▶ **Available data**
>>>

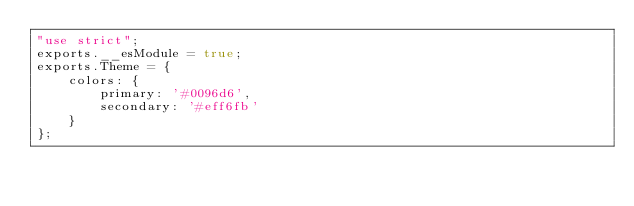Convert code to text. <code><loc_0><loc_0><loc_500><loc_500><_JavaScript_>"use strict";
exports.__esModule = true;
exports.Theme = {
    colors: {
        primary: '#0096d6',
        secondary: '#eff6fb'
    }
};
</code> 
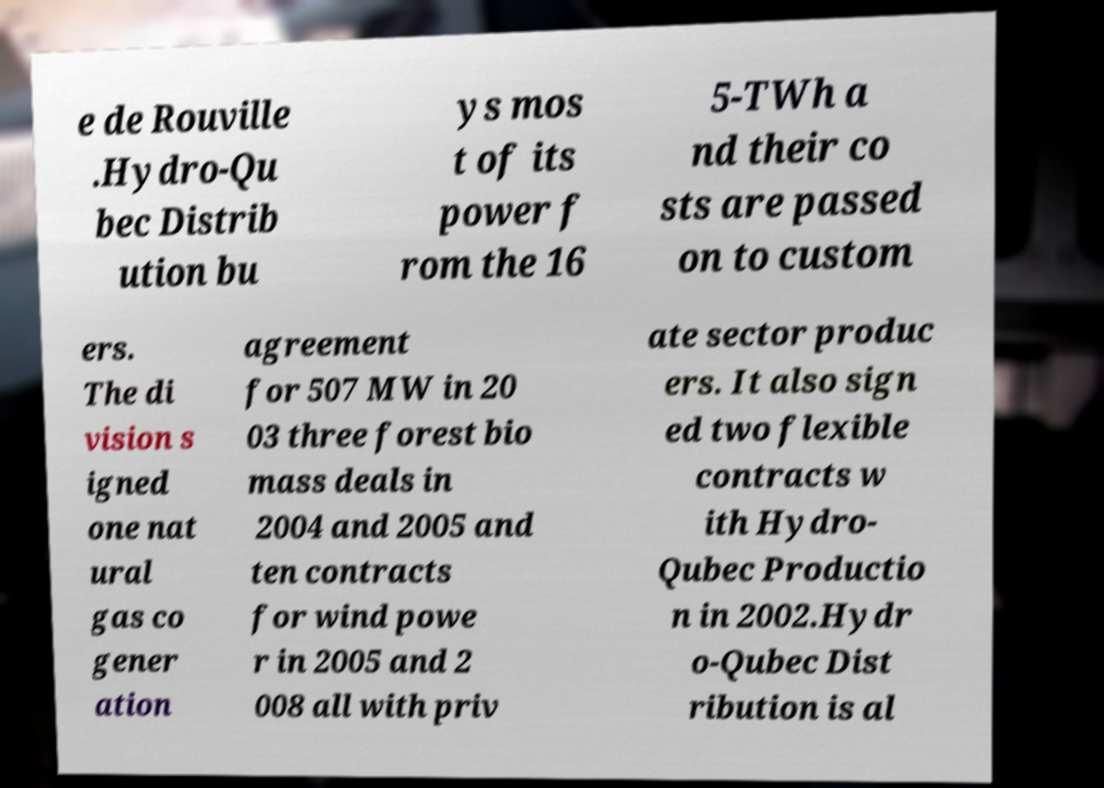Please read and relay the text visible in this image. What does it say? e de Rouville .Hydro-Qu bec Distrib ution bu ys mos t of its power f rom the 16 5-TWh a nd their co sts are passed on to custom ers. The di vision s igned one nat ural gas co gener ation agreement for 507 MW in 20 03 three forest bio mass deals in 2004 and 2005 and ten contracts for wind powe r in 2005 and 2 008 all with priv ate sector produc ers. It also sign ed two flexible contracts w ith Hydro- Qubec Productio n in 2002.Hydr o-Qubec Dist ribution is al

<<<
>>>

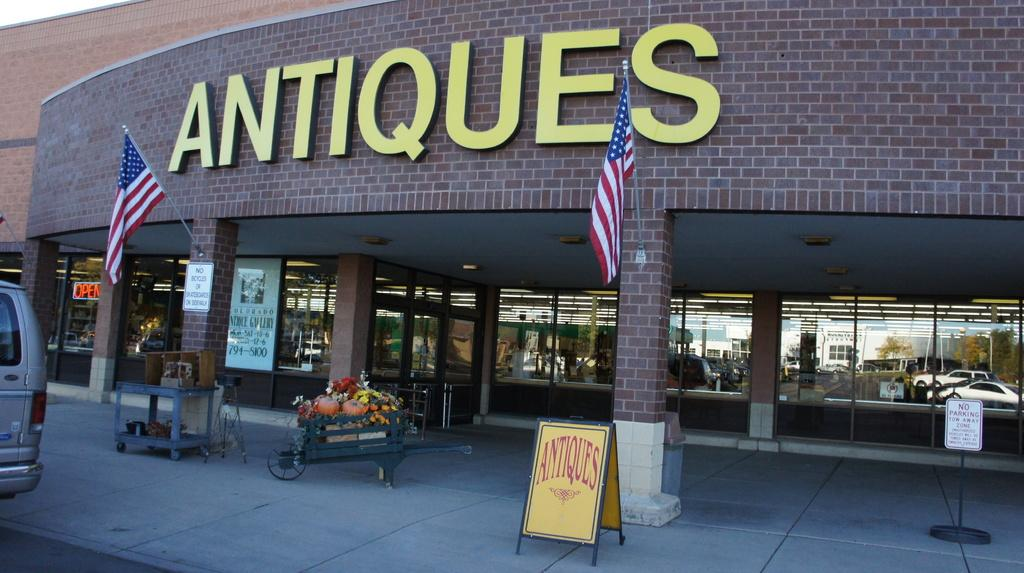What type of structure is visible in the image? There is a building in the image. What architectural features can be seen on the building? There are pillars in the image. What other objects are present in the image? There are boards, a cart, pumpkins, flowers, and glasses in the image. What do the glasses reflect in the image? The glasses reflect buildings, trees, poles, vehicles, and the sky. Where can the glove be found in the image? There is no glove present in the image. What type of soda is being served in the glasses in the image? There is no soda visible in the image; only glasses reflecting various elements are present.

<<<

▶ **Task requirements**
In the records above, how many lines contain the word "exports"? Give the number alone.

▶ **Your solution**
2